- Film poster
- Directed by: Dale Peterson
- Written by: Dale Peterson Margaret Kerrison Christine Bartsch
- Story by: Dale Peterson
- Produced by: Wendy K. Peterson Chris Pluchar
- Starring: Garrett M. Brown;
- Cinematography: Tanner Wolfe
- Edited by: Ken Greenbaum
- Production company: Magic Ring Productions
- Distributed by: Vision Films
- Release date: 2014;
- Running time: 105 minutes
- Country: United States
- Language: English

= Hello, My Name Is Frank =

Hello, My Name Is Frank is a 2014 American comedy drama film written and directed by Dale Peterson and starring Garrett M. Brown and Rachel DiPillo.
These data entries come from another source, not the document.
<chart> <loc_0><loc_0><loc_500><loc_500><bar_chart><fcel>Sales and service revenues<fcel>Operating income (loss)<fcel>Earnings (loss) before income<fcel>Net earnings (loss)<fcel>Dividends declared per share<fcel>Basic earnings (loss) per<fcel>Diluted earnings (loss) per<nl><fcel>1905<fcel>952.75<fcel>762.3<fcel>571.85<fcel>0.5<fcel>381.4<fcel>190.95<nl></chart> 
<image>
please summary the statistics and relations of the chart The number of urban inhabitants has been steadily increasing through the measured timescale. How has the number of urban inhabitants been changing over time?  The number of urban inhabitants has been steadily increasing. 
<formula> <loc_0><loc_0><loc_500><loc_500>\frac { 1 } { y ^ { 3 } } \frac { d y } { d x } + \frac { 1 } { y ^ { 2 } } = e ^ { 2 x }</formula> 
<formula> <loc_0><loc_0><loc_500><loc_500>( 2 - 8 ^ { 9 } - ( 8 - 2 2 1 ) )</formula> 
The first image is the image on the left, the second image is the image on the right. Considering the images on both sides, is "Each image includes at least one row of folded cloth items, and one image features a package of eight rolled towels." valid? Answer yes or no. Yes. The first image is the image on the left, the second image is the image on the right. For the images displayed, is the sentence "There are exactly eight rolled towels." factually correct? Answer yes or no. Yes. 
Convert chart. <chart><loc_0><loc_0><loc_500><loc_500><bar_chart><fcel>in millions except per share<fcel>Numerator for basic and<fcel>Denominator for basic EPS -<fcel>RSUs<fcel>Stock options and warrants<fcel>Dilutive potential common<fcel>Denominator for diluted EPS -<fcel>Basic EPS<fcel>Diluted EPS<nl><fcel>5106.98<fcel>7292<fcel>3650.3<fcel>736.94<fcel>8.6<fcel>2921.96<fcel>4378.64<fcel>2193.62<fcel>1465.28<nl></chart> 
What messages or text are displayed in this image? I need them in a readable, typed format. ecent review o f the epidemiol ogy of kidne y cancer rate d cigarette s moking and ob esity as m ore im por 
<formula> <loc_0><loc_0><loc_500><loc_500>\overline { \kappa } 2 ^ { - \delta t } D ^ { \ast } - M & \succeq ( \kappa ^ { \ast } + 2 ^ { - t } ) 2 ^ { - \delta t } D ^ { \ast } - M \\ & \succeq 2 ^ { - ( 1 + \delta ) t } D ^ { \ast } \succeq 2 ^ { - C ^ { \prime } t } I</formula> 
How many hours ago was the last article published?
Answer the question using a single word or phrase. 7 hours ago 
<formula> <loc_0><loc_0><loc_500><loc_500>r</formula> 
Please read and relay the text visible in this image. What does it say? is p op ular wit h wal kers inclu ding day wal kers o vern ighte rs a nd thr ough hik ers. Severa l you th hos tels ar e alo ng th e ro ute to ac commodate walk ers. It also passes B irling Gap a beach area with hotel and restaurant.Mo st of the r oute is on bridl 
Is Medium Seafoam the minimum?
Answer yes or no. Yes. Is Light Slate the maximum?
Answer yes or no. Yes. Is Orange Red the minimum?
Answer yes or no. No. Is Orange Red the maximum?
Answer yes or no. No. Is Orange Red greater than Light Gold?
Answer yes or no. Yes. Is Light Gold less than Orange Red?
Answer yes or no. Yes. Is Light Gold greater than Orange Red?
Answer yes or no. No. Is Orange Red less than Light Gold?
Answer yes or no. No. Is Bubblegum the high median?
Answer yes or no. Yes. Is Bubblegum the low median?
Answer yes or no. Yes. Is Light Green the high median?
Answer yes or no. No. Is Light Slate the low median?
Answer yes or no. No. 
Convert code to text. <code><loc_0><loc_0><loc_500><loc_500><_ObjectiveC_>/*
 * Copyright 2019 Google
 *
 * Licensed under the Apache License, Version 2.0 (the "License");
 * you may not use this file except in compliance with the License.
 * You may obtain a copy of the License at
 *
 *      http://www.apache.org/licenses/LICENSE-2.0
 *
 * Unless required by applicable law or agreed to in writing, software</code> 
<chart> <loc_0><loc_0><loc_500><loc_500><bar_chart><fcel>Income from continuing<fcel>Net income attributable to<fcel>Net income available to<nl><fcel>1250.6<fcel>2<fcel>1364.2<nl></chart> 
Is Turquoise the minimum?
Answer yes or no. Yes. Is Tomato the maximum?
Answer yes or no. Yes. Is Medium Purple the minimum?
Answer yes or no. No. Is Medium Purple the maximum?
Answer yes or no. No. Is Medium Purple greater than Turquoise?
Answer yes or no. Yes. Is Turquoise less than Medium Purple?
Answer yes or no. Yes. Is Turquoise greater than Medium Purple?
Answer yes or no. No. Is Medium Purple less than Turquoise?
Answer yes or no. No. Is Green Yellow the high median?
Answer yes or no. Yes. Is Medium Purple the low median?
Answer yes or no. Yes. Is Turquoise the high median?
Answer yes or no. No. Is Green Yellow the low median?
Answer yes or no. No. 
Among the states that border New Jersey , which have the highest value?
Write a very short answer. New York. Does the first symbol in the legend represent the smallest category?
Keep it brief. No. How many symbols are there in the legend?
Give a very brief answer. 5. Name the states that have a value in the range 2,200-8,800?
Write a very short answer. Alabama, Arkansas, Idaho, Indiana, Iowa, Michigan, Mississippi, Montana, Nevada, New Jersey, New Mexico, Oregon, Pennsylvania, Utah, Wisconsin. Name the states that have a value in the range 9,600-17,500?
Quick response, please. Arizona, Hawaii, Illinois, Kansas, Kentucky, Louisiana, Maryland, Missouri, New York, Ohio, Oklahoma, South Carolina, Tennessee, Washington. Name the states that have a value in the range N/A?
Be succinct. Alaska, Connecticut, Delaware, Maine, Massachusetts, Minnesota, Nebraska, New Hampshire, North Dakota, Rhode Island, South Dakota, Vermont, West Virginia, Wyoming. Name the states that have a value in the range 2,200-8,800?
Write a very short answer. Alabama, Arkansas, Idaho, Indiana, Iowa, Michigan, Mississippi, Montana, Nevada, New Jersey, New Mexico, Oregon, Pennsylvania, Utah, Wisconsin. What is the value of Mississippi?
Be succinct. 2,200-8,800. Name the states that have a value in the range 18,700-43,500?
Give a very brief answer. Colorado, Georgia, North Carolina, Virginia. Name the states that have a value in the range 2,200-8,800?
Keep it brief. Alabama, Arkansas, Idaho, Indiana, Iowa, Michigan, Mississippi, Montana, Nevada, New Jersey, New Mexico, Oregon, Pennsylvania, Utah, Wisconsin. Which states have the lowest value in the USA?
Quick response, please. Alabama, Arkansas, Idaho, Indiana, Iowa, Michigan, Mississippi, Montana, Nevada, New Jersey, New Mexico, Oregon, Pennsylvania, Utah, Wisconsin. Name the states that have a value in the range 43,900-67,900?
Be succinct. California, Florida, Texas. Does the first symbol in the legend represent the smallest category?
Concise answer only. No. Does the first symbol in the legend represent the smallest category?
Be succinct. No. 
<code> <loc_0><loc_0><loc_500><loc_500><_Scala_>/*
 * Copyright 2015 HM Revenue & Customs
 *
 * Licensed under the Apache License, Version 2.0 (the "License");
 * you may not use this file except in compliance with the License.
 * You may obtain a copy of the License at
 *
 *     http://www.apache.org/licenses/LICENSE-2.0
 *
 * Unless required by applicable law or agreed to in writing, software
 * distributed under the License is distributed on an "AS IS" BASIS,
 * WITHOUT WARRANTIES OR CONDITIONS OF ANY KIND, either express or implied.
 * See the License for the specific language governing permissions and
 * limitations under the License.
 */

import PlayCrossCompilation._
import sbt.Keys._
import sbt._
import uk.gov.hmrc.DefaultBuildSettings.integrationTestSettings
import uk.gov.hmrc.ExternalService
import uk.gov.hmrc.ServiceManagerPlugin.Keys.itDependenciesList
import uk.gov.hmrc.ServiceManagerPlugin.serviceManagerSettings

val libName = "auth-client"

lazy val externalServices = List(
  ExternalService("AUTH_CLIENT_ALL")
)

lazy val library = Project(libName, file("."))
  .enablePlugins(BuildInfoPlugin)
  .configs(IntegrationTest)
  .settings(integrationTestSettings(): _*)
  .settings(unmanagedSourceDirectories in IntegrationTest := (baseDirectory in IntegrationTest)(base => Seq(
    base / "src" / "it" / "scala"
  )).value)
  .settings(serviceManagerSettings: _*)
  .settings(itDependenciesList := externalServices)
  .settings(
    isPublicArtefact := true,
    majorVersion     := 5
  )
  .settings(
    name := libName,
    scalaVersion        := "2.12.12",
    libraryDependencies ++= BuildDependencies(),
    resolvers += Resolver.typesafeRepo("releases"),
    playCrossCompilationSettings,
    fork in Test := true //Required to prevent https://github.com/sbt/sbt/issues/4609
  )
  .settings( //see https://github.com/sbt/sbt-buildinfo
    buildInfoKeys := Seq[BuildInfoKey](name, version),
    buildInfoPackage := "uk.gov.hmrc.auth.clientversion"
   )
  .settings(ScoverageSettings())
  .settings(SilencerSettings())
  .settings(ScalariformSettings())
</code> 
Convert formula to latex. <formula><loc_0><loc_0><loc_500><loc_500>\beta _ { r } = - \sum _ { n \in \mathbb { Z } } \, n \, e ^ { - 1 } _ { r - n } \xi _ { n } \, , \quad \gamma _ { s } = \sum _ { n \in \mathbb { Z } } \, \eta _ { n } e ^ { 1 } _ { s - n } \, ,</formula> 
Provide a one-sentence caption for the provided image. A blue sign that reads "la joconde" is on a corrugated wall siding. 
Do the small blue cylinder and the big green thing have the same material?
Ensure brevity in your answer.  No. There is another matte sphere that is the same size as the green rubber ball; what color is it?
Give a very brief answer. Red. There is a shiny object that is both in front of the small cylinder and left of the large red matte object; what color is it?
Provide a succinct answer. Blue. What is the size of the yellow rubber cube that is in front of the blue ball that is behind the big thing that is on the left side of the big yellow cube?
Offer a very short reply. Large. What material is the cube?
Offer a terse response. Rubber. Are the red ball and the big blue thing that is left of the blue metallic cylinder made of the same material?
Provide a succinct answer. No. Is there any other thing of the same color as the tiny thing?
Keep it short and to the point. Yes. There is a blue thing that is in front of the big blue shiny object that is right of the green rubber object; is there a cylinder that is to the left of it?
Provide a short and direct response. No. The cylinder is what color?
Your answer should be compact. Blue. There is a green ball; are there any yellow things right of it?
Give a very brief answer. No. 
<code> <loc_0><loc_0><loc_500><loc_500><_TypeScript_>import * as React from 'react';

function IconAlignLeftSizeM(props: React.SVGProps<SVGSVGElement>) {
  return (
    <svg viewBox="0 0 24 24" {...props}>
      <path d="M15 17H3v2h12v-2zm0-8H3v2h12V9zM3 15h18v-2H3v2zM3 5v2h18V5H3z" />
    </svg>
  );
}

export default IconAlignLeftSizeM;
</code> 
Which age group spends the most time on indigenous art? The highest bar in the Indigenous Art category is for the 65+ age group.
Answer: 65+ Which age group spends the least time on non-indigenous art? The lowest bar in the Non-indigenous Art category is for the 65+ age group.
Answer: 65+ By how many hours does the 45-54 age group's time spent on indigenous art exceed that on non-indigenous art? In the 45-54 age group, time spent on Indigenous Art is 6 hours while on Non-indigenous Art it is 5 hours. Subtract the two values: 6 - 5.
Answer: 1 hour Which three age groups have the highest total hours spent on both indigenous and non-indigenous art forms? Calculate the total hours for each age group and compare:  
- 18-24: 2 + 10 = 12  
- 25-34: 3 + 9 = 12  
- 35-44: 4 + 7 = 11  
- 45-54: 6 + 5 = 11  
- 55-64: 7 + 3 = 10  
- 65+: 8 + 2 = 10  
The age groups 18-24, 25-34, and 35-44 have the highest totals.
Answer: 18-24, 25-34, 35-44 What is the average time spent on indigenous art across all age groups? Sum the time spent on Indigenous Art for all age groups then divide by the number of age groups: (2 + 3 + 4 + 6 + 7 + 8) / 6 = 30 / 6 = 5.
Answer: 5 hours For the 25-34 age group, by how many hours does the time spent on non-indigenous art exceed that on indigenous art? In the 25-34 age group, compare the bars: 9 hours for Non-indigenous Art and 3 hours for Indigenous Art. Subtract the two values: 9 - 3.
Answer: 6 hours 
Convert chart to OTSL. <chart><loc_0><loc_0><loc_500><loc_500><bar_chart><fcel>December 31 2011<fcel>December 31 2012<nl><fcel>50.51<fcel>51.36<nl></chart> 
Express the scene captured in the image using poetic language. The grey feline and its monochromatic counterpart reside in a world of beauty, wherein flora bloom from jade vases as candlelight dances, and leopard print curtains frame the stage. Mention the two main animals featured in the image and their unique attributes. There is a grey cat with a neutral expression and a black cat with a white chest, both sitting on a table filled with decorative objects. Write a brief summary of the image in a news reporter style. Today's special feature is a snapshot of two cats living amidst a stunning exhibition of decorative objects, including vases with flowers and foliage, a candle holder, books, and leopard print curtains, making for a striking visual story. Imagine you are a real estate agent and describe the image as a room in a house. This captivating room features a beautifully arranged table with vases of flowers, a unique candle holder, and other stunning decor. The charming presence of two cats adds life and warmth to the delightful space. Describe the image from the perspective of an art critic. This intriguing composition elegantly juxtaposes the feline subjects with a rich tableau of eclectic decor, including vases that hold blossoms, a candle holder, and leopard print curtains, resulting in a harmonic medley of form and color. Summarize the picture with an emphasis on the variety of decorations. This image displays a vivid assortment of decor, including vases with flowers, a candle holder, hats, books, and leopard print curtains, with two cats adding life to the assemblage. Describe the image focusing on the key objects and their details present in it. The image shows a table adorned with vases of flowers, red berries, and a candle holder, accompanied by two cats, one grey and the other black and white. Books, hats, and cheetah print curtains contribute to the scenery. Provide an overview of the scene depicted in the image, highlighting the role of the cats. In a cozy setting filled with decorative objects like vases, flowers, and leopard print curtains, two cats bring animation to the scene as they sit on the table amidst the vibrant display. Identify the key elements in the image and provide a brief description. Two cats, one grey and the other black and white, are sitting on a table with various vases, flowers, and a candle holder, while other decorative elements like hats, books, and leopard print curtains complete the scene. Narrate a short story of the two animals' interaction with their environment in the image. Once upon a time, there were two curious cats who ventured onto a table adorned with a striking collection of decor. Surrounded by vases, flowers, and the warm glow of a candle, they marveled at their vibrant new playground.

It follows the titular Frank, who is diagnosed with Tourette syndrome, along with Laura, the daughter of his live-in caretaker who recently died, and her friends Kim and Alisa as they go on a road trip to visit the grave of a friend, Stephanie, who they had promised, before she died, that they'd visit on her 18th birthday.

==Cast==
- Garrett M. Brown as Frank Brown
- Rachel DiPillo as Laura
- Mary Kate Wiles as Kim
- Hayley Kiyoko as Alisa
- Travis Caldwell as Vinnie
- Kitty Swink as Louise
- Ray Xifo as Ray
- James DuMont as Dad in Park
- Nate Hartley as John
- Wayne Duvall as Preacher
- Brent Briscoe as Puggis
- Tess Harper as Aunt Flossie

==Accolades==
At the Manhattan Film Festival, the film won the Best Dramatic Feature Award and Brown garnered the Best Actor Award.